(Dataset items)
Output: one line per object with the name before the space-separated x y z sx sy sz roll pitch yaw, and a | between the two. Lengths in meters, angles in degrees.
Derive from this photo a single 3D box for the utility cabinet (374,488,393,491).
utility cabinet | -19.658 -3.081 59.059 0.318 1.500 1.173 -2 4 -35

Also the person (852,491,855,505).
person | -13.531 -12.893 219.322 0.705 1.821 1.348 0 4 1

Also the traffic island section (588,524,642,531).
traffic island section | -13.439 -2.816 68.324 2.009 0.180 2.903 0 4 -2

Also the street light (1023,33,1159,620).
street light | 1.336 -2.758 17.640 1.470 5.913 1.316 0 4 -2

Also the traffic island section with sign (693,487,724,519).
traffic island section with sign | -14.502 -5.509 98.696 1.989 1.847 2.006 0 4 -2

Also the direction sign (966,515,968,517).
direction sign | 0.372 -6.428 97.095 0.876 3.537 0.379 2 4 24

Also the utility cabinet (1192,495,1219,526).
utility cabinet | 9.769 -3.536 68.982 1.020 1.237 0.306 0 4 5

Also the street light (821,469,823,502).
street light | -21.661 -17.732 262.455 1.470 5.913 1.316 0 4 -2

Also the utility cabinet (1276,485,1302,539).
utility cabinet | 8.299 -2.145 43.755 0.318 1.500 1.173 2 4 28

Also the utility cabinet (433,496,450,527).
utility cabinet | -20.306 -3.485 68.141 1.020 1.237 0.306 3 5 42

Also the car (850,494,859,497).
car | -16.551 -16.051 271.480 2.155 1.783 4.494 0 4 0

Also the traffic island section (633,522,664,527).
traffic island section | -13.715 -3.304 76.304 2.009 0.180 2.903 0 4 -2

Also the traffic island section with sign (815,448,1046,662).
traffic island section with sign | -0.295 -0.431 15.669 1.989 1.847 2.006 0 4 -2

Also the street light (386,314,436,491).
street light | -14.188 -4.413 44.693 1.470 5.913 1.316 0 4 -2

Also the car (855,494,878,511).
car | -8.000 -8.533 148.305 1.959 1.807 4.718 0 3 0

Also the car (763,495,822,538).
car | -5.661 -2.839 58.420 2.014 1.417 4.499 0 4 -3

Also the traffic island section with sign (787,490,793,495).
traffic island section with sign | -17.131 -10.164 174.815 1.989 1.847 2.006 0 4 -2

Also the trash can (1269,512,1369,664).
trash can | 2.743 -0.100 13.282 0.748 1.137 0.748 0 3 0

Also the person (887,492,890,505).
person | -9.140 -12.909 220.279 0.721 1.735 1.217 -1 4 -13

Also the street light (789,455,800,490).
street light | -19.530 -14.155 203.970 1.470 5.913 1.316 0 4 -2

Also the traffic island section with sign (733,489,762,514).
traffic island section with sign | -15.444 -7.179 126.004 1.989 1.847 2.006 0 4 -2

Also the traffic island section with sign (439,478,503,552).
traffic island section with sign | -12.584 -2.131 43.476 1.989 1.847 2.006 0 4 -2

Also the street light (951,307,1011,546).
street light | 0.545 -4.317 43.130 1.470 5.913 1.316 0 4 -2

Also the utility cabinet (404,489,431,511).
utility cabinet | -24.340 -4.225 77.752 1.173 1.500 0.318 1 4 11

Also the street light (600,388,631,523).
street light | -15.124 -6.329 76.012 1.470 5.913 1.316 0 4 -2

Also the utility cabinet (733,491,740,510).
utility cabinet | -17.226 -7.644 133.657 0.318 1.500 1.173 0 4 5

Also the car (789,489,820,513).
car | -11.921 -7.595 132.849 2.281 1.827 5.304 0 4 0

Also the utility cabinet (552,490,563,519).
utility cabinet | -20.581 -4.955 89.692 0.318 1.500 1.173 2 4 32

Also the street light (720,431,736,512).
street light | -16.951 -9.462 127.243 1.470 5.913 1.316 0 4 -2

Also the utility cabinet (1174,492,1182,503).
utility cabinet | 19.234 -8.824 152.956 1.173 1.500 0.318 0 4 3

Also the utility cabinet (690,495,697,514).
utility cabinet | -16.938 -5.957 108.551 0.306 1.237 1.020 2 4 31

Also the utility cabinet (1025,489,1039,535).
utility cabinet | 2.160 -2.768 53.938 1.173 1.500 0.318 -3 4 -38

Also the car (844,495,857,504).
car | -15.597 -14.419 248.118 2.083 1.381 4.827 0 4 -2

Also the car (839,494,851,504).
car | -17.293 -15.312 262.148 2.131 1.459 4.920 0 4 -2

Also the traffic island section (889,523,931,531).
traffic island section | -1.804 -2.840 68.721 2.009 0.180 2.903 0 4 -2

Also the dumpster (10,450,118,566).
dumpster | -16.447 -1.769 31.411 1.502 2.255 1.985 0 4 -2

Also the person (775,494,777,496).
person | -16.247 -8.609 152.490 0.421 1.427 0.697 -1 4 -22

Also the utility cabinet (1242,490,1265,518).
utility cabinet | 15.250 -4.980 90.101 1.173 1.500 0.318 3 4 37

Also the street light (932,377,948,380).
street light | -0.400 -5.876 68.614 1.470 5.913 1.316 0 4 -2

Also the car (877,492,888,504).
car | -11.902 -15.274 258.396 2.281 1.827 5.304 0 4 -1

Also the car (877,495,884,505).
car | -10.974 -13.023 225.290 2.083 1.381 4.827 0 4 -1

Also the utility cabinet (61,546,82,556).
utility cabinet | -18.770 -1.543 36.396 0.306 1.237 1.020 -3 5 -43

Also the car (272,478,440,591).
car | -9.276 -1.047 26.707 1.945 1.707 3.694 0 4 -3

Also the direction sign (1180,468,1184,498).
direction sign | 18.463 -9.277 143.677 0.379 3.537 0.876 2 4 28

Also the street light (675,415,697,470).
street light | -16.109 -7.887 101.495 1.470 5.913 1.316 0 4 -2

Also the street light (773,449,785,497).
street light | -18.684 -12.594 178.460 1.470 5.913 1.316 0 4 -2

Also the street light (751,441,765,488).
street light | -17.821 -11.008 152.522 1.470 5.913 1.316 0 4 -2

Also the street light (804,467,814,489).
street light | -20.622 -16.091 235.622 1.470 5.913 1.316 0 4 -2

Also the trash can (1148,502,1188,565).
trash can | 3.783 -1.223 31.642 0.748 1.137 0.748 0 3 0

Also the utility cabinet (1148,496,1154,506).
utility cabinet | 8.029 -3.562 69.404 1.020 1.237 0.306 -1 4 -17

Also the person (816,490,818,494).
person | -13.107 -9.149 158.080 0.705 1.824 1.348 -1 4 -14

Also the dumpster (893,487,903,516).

**Exercise**
Retype the entries exactly, please. Leave no line out.

**Result for this task**
Output: one line per object with the name before the space-separated x y z sx sy sz roll pitch yaw, and a | between the two. Lengths in meters, angles in degrees.
Derive from this photo a single 3D box for the utility cabinet (374,488,393,491).
utility cabinet | -19.658 -3.081 59.059 0.318 1.500 1.173 -2 4 -35

Also the person (852,491,855,505).
person | -13.531 -12.893 219.322 0.705 1.821 1.348 0 4 1

Also the traffic island section (588,524,642,531).
traffic island section | -13.439 -2.816 68.324 2.009 0.180 2.903 0 4 -2

Also the street light (1023,33,1159,620).
street light | 1.336 -2.758 17.640 1.470 5.913 1.316 0 4 -2

Also the traffic island section with sign (693,487,724,519).
traffic island section with sign | -14.502 -5.509 98.696 1.989 1.847 2.006 0 4 -2

Also the direction sign (966,515,968,517).
direction sign | 0.372 -6.428 97.095 0.876 3.537 0.379 2 4 24

Also the utility cabinet (1192,495,1219,526).
utility cabinet | 9.769 -3.536 68.982 1.020 1.237 0.306 0 4 5

Also the street light (821,469,823,502).
street light | -21.661 -17.732 262.455 1.470 5.913 1.316 0 4 -2

Also the utility cabinet (1276,485,1302,539).
utility cabinet | 8.299 -2.145 43.755 0.318 1.500 1.173 2 4 28

Also the utility cabinet (433,496,450,527).
utility cabinet | -20.306 -3.485 68.141 1.020 1.237 0.306 3 5 42

Also the car (850,494,859,497).
car | -16.551 -16.051 271.480 2.155 1.783 4.494 0 4 0

Also the traffic island section (633,522,664,527).
traffic island section | -13.715 -3.304 76.304 2.009 0.180 2.903 0 4 -2

Also the traffic island section with sign (815,448,1046,662).
traffic island section with sign | -0.295 -0.431 15.669 1.989 1.847 2.006 0 4 -2

Also the street light (386,314,436,491).
street light | -14.188 -4.413 44.693 1.470 5.913 1.316 0 4 -2

Also the car (855,494,878,511).
car | -8.000 -8.533 148.305 1.959 1.807 4.718 0 3 0

Also the car (763,495,822,538).
car | -5.661 -2.839 58.420 2.014 1.417 4.499 0 4 -3

Also the traffic island section with sign (787,490,793,495).
traffic island section with sign | -17.131 -10.164 174.815 1.989 1.847 2.006 0 4 -2

Also the trash can (1269,512,1369,664).
trash can | 2.743 -0.100 13.282 0.748 1.137 0.748 0 3 0

Also the person (887,492,890,505).
person | -9.140 -12.909 220.279 0.721 1.735 1.217 -1 4 -13

Also the street light (789,455,800,490).
street light | -19.530 -14.155 203.970 1.470 5.913 1.316 0 4 -2

Also the traffic island section with sign (733,489,762,514).
traffic island section with sign | -15.444 -7.179 126.004 1.989 1.847 2.006 0 4 -2

Also the traffic island section with sign (439,478,503,552).
traffic island section with sign | -12.584 -2.131 43.476 1.989 1.847 2.006 0 4 -2

Also the street light (951,307,1011,546).
street light | 0.545 -4.317 43.130 1.470 5.913 1.316 0 4 -2

Also the utility cabinet (404,489,431,511).
utility cabinet | -24.340 -4.225 77.752 1.173 1.500 0.318 1 4 11

Also the street light (600,388,631,523).
street light | -15.124 -6.329 76.012 1.470 5.913 1.316 0 4 -2

Also the utility cabinet (733,491,740,510).
utility cabinet | -17.226 -7.644 133.657 0.318 1.500 1.173 0 4 5

Also the car (789,489,820,513).
car | -11.921 -7.595 132.849 2.281 1.827 5.304 0 4 0

Also the utility cabinet (552,490,563,519).
utility cabinet | -20.581 -4.955 89.692 0.318 1.500 1.173 2 4 32

Also the street light (720,431,736,512).
street light | -16.951 -9.462 127.243 1.470 5.913 1.316 0 4 -2

Also the utility cabinet (1174,492,1182,503).
utility cabinet | 19.234 -8.824 152.956 1.173 1.500 0.318 0 4 3

Also the utility cabinet (690,495,697,514).
utility cabinet | -16.938 -5.957 108.551 0.306 1.237 1.020 2 4 31

Also the utility cabinet (1025,489,1039,535).
utility cabinet | 2.160 -2.768 53.938 1.173 1.500 0.318 -3 4 -38

Also the car (844,495,857,504).
car | -15.597 -14.419 248.118 2.083 1.381 4.827 0 4 -2

Also the car (839,494,851,504).
car | -17.293 -15.312 262.148 2.131 1.459 4.920 0 4 -2

Also the traffic island section (889,523,931,531).
traffic island section | -1.804 -2.840 68.721 2.009 0.180 2.903 0 4 -2

Also the dumpster (10,450,118,566).
dumpster | -16.447 -1.769 31.411 1.502 2.255 1.985 0 4 -2

Also the person (775,494,777,496).
person | -16.247 -8.609 152.490 0.421 1.427 0.697 -1 4 -22

Also the utility cabinet (1242,490,1265,518).
utility cabinet | 15.250 -4.980 90.101 1.173 1.500 0.318 3 4 37

Also the street light (932,377,948,380).
street light | -0.400 -5.876 68.614 1.470 5.913 1.316 0 4 -2

Also the car (877,492,888,504).
car | -11.902 -15.274 258.396 2.281 1.827 5.304 0 4 -1

Also the car (877,495,884,505).
car | -10.974 -13.023 225.290 2.083 1.381 4.827 0 4 -1

Also the utility cabinet (61,546,82,556).
utility cabinet | -18.770 -1.543 36.396 0.306 1.237 1.020 -3 5 -43

Also the car (272,478,440,591).
car | -9.276 -1.047 26.707 1.945 1.707 3.694 0 4 -3

Also the direction sign (1180,468,1184,498).
direction sign | 18.463 -9.277 143.677 0.379 3.537 0.876 2 4 28

Also the street light (675,415,697,470).
street light | -16.109 -7.887 101.495 1.470 5.913 1.316 0 4 -2

Also the street light (773,449,785,497).
street light | -18.684 -12.594 178.460 1.470 5.913 1.316 0 4 -2

Also the street light (751,441,765,488).
street light | -17.821 -11.008 152.522 1.470 5.913 1.316 0 4 -2

Also the street light (804,467,814,489).
street light | -20.622 -16.091 235.622 1.470 5.913 1.316 0 4 -2

Also the trash can (1148,502,1188,565).
trash can | 3.783 -1.223 31.642 0.748 1.137 0.748 0 3 0

Also the utility cabinet (1148,496,1154,506).
utility cabinet | 8.029 -3.562 69.404 1.020 1.237 0.306 -1 4 -17

Also the person (816,490,818,494).
person | -13.107 -9.149 158.080 0.705 1.824 1.348 -1 4 -14

Also the dumpster (893,487,903,516).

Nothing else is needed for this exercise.